DE LIDSTATEN WORDT VERZOCHT:

op basis van, onder meer, het voorstel van de bovengenoemde werkgroep van deskundigen gezamenlijke minimumnormen voor inhoud en kwaliteit goed te keuren voor het organiseren of verder ontwikkelen van mobiliteitsinformatiediensten voor kunstenaars en andere beroepsbeoefenaren op cultureel gebied, en indien nodig leemten in de bestaande nationale informatiediensten op te vullen;

op grond van nationale structuren en tradities te zorgen voor mobiliteitsinformatiediensten die zo neutraal, kostenefficiënt, flexibel en gebruikersgericht mogelijk zijn;

instrumenten te selecteren voor de openbare verspreiding van mobiliteitsinformatie onder kunstenaars en andere beroepsbeoefenaren op cultureel gebied en daarbij waar passend gebruik te maken van bestaande diensten;

hun informatie op nationaal niveau die voor de mobiliteit van kunstenaars en andere beroepsbeoefenaren op cultureel gebied van belang is, zo mogelijk te verstrekken via een meertalige website. Vertaling, ook automatische, moet worden aangemoedigd om veeltaligheid te bevorderen, de informatie gemakkelijk toegankelijk te maken en mobiliteitsprojecten te stimuleren;

DE LIDSTATEN EN DE COMMISSIE WORDT VERZOCHT:

nauw met elkaar samen te werken om netwerkvorming tussen mobiliteitsinformatiediensten op Europees niveau aan te moedigen en zo de informatieverstrekking aan kunstenaars en andere beroepsbeoefenaren op cultureel gebied die binnen de EU mobiel willen zijn, te verbeteren en daarbij voort te bouwen op de bestaande partnerschappen voor informatie- en adviesverstrekking, met inbegrip van die in de cultuursector, en deze in voorkomend geval verder te ontwikkelen.

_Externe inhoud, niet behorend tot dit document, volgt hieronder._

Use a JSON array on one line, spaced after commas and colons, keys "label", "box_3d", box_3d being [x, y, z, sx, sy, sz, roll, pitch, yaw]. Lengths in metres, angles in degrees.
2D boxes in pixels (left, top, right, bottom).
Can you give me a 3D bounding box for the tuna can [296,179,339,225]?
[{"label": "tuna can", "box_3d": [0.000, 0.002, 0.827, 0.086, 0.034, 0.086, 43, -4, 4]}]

de mobiliteitsinformatiediensten te controleren om de kwaliteit en de toegankelijkheid van deze diensten te verbeteren.


(1)  PB L 372 van 27.12.2006, blz. 1.

(2)  PB C 287 van 29.11.2007, blz. 1.

(3)  PB C 143 van 10.6.2008, blz. 9.

(4)  PB C 325 van 2.12.2010, blz. 1.

(5)  Besluit 2006/515/EG van de Raad van 18 mei 2006 inzake de sluiting van het Unesco-Verdrag betreffende de bescherming en de bevordering van de diversiteit van cultuuruitingen (PB L 201 van 25.7.2006, blz. 15). Dit verdrag bevat maatregelen die van belang zijn voor mobiliteit en culturele uitwisseling.

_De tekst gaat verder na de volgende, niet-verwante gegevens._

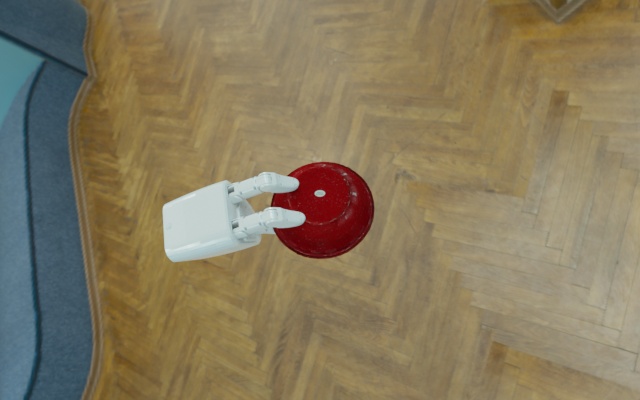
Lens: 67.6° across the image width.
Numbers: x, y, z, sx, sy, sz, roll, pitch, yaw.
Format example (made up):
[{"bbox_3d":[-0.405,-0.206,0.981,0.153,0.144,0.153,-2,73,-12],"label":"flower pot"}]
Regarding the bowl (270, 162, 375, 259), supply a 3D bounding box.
[{"bbox_3d":[0.001,0.002,0.710,0.162,0.162,0.055,0,-23,5],"label":"bowl"}]
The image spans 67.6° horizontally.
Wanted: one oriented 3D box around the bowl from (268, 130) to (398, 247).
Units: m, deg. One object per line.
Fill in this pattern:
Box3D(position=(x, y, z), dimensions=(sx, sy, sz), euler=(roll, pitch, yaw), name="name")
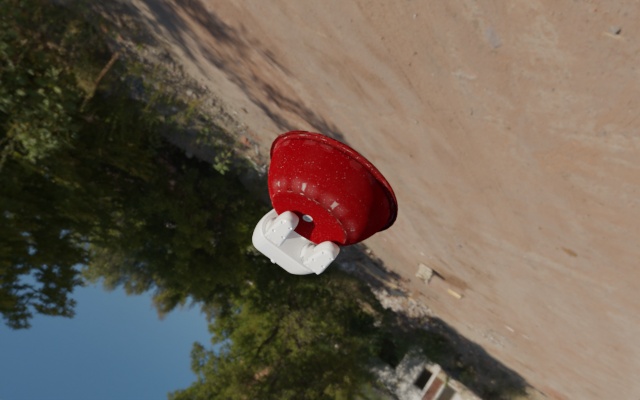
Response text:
Box3D(position=(0.000, 0.001, 0.519), dimensions=(0.162, 0.055, 0.162), euler=(25, -30, 16), name="bowl")
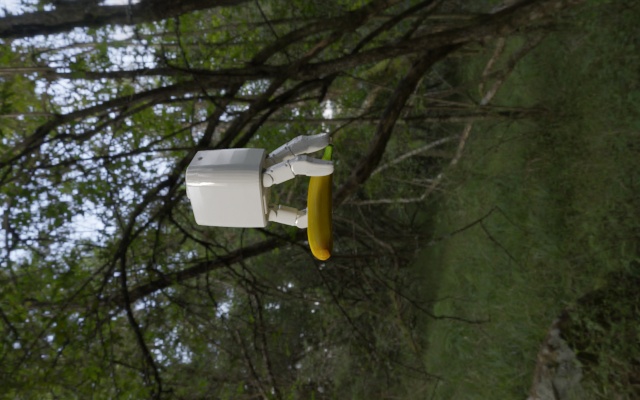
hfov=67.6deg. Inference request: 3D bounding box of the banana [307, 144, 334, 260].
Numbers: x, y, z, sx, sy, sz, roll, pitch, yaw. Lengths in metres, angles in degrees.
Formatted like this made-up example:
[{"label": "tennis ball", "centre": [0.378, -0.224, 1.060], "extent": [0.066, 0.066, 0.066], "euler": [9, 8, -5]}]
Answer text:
[{"label": "banana", "centre": [0.000, 0.011, 0.679], "extent": [0.037, 0.197, 0.070], "euler": [2, -38, -1]}]

(6)  SEC(2011) 399 definitief.

(7)  „Information systems to support the mobility of artists and other professionals in the culture field: a feasibility study”, ECOTEC, 2009 — http://ec.europa.eu/culture/key-documents/doc2039_en.htm

(8)  http://ec.europa.eu/culture/our-policy-development/doc1569_en.htm

(9)  COM(2010) 2020 definitief.

(10)  De ruimere groep van beoefenaren van beroepen in de culturele sector omvat bijvoorbeeld curatoren, directeuren en personeel van culturele instellingen, technici, decorbouwers, ICT-deskundigen, communicatiedeskundigen enz.